Activity:
Across the listing below, how many lines contain the string "bounding"? Only the number is needed.

Data for processing:
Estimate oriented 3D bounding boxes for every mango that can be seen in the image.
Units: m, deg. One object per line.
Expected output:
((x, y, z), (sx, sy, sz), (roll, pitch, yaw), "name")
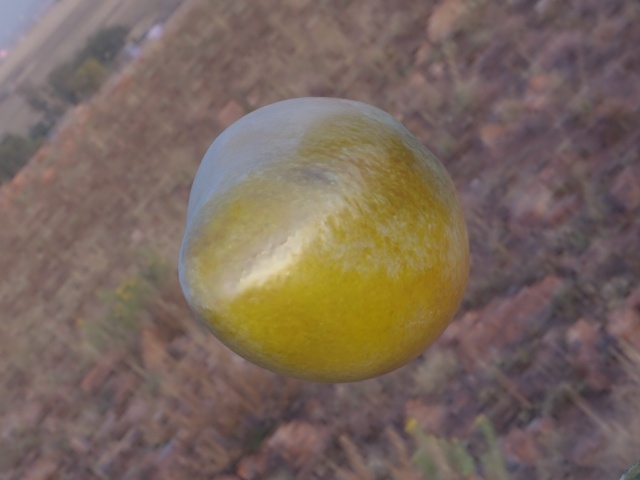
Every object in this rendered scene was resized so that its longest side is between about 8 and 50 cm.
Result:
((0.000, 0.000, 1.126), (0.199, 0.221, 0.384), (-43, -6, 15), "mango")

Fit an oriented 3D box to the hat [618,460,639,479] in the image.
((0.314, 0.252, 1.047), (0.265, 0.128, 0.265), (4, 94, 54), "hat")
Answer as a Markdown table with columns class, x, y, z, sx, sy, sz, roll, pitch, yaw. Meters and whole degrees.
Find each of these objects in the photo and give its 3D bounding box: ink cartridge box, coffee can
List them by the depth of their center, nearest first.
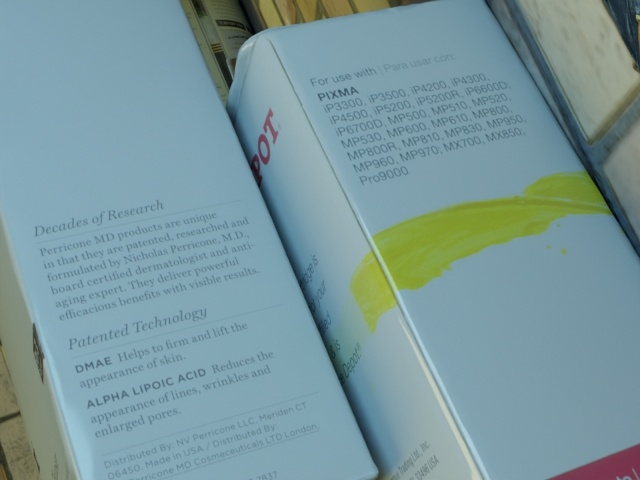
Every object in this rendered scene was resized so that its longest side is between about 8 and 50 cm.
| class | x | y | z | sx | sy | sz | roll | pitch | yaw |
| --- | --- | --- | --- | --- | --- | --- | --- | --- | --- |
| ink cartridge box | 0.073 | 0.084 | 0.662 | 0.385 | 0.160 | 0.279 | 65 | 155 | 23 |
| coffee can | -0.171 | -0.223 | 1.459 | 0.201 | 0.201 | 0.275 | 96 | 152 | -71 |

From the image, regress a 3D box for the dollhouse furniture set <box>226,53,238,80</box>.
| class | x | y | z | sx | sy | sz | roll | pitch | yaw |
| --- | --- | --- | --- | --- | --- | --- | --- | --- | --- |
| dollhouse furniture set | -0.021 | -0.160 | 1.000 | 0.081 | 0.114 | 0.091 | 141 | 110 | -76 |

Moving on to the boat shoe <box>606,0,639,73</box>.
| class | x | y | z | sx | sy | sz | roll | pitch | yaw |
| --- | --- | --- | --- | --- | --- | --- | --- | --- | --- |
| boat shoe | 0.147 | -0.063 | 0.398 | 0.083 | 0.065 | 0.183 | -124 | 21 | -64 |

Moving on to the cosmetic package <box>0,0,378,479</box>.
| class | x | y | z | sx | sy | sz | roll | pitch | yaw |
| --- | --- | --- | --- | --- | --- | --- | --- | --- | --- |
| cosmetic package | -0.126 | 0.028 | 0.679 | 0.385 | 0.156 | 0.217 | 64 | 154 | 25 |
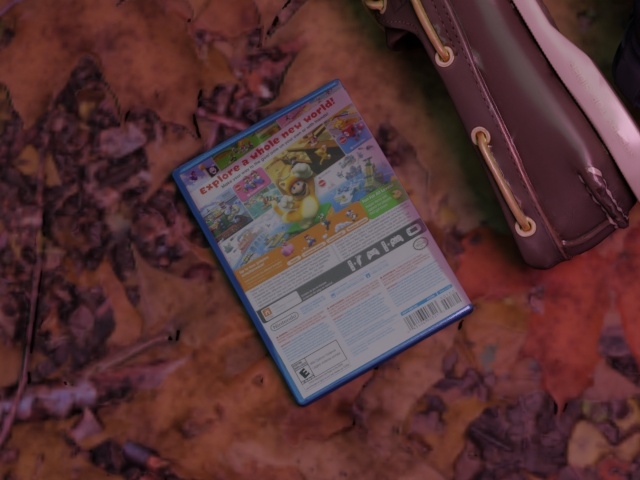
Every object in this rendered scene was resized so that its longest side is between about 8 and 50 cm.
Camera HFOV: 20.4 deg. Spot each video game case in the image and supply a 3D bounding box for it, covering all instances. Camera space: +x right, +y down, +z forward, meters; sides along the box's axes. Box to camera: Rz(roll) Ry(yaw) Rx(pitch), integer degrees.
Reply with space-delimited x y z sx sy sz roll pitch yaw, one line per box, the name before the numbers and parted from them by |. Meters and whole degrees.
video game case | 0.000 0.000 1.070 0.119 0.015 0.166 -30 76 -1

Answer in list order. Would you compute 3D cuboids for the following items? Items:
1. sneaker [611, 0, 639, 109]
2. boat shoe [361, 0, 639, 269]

Result below:
3